I don't think it's technique is any better than mine though. ;-)

Fuzzy
http://www.voidspace.org.uk/python/index.shtml

All the best,

Fuzzyman
http://www.voidspace.org.uk/python/index.shtml


Feb 8 '06 #19

This thread has been closed and replies have been disabled. Please start a new discussion.

Similar topics

2
by: Allen | last post by:
In regex, ^ and $ shoudl match start/end of a line when the 'm' /multiline modifier is set -- however I just spent the better part of the day trying to figure out why it wasn't working as expected....
4
by: Fuzzyman | last post by:
Hello all, I'm handling some text files where I don't (necessarily) know the encoding beforehand. Because I use regular expressions to parse the text I *must* decode UTF16 encoded text...
5
by: jdbartlett | last post by:
After switching text editors, my code started causing mysterious PHP errors. I narrowed the problem down to the Unicode line endings I started using with the new text editor: when I save documents...
1
by: jandhondt | last post by:
IN Visual Studio 2005 with VB.NET when I open a solution I often get this warning: The line endings in the following file are not consistent. Do you want to normalize the line endings? The warning...
6
by: Ant | last post by:
Hi all, I've got a problem here which has me stumped. I've got a python script which does some text processing on some files and writes it back out to the same file using the fileinput module...
3
by: towers | last post by:
Hi I'm probably doing something stupid but I've run into a problem whereby I'm trying to add a csv file to a zip archive - see example code below. The csv just has several rows with carriage...
3
by: Andy Fish | last post by:
Hi, I am using .Net 2.0 XslCompiledTransform with output method=text. it seems to be converting all the line endings in the output to cr/lf regardless of how I generate them. for instance,...
0
by: DolphinDB | last post by:
Tired of spending countless mintues downsampling your data? Look no further! In this article, you’ll learn how to efficiently downsample 6.48 billion high-frequency records to 61 million...
0
by: ryjfgjl | last post by:
ExcelToDatabase: batch import excel into database automatically...
0
isladogs
by: isladogs | last post by:
The next Access Europe meeting will be on Wednesday 6 Mar 2024 starting at 18:00 UK time (6PM UTC) and finishing at about 19:15 (7.15PM). In this month's session, we are pleased to welcome back...
1
isladogs
by: isladogs | last post by:
The next Access Europe meeting will be on Wednesday 6 Mar 2024 starting at 18:00 UK time (6PM UTC) and finishing at about 19:15 (7.15PM). In this month's session, we are pleased to welcome back...
0
by: Vimpel783 | last post by:
Hello!
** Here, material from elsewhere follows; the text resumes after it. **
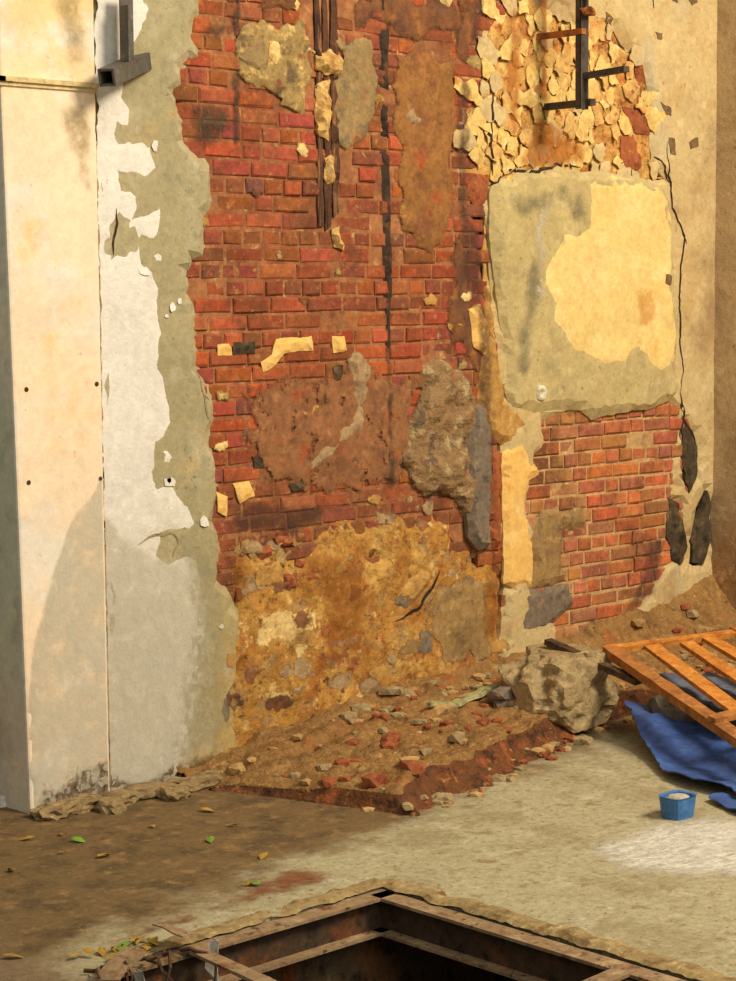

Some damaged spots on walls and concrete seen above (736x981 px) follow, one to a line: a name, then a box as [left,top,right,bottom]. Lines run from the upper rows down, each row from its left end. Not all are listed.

spalling [94,0,712,791]
corrosion [283,963,295,981]

Guys, I found this code on the Internet, but I need to modify it a little. It works well, the problem is this: Data is sent from only one cell, in this case B5, but it is necessary that data...
1
by: PapaRatzi | last post by:
Hello, I am teaching myself MS Access forms design and Visual Basic. I've created a table to capture a list of Top 30 singles and forms to capture new entries. The final step is a form (unbound)...
0
by: CloudSolutions | last post by:
Introduction: For many beginners and individual users, requiring a credit card and email registration may pose a barrier when starting to use cloud servers. However, some cloud server providers now...
0
by: Defcon1945 | last post by:
I'm trying to learn Python using Pycharm but import shutil doesn't work
0
by: Shællîpôpï 09 | last post by:
If u are using a keypad phone, how do u turn on JavaScript, to access features like WhatsApp, Facebook, Instagram....

By using Bytes.com and it's services, you agree to our Privacy Policy and Terms of Use.

To disable or enable advertisements and analytics tracking please visit the manage ads & tracking page.